À cette signification de la nature répond nature répond l’origine de la nature. La manière dont on se représente la naissance d’un objet, doit être la même pour son essence. Les anciens et les hommes du moyen-âge, peu naturalistes comme on sait, dérivent l’origine de la vermine d’animaux morts et d’autres objets dégoûtants : ils font cela parce que l’essence des insectes et des vers leur paraît dégoûtante, et il serait erroné de croire qu’ils les trouvent dégoûtants parce qu’ils leur supposent cette origine méprisable. De mémo, aux yeux des Hébreux la nature universelle n’est qu’un simple instrument du bon plaisir, de l’égoïsme le plus capricieux, ils lui donnent donc une origine qui exprime ouvertement le peu d’estime qu’ils ont pour la nature.
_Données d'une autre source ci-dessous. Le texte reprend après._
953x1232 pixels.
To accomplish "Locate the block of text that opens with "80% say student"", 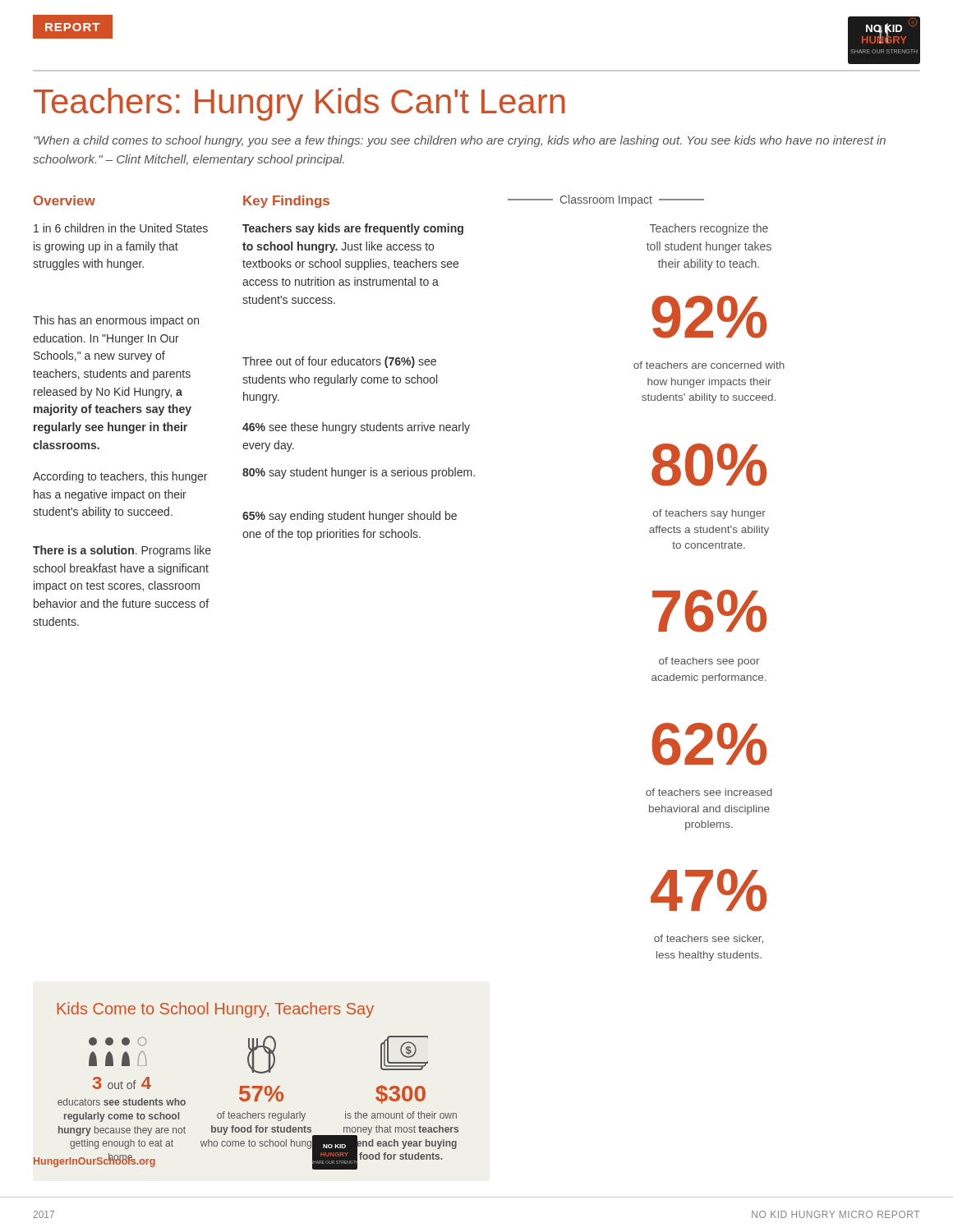I will pos(359,473).
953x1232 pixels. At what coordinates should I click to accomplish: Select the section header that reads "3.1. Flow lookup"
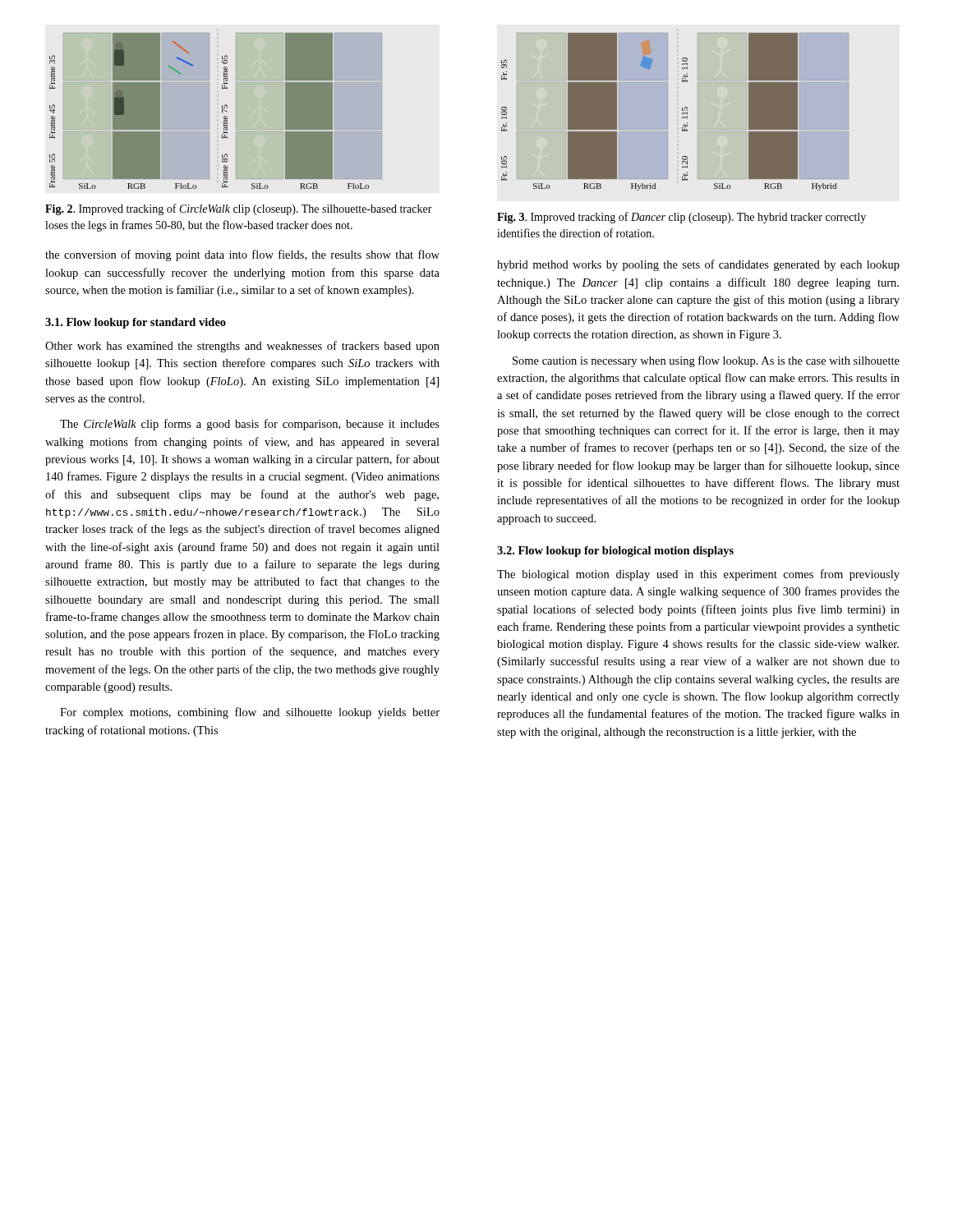pos(136,322)
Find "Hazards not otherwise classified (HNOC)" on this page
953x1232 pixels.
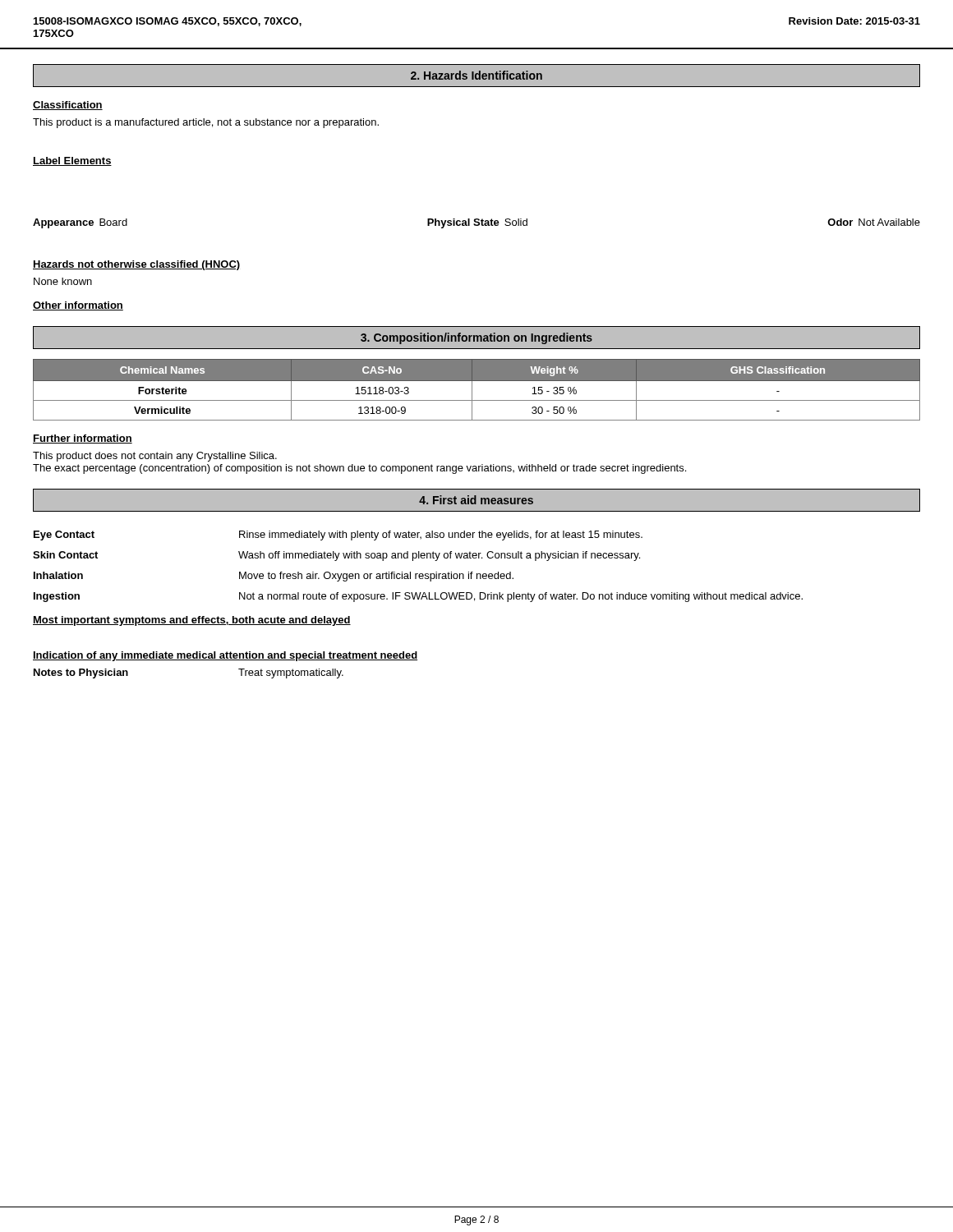click(x=136, y=264)

Un égoïste par exemple est aigri quand, pour satisfaire ses besoins, il se voit obligé de recourir a autrui, quand il y a une scission entre la réalité et le désir, ou entre le but imaginé et le but réel ; il voudrait que sa volonté fit des miracles. Et le mosaïsme, en effet, fait créer l’univers par voie de miracle, par le simple sic volo, par la volonté absolue et arbitraire de Jéhovah, par un Impératif catégorique, tandis que les philosophes païens voyaient dans la nature une réalité ; ils parlaient par conséquent d’une matière éternelle. Il y avait chez eux des opinions diverses la-dessus, il est vrai, mais la différence était peu importante, puisque l’être créateur à leurs yeux est plus ou moins un être cosmique. Les païens étaient des idolâtres en contemplant la nature mais des nations ultra-chrétiennes le sont aussi, en observant et recherchant les lois générales de la nature. Les païens adoraient des objets naturels : entre adorer et contempler il n’y a pas beaucoup de différence ; le naturaliste chrétien lui aussi s’agenouille devant la nature, quand il découvre, au péril de sa vie. un cristal, un lichen, un insecte, pour les glorifier dans la lumière de l’intuition et pour les éterniser dans la mémoire scientifique de l’humanité. Étudier la nature n’est pas loin de l’adorer, et cela s’appelle idolâtrie dans le sens du Dieu israélite et chrétien. La religion n’est rien autre chose que l’intuition primitive que l’homme se fait de la nature et de lui-même ; elle est par là naïve et populaire, ou plutôt enfantine, mais en même temps opposée à la liberté. Tout le développement historique des religions devient clair quand on le considère sous ce point de vue.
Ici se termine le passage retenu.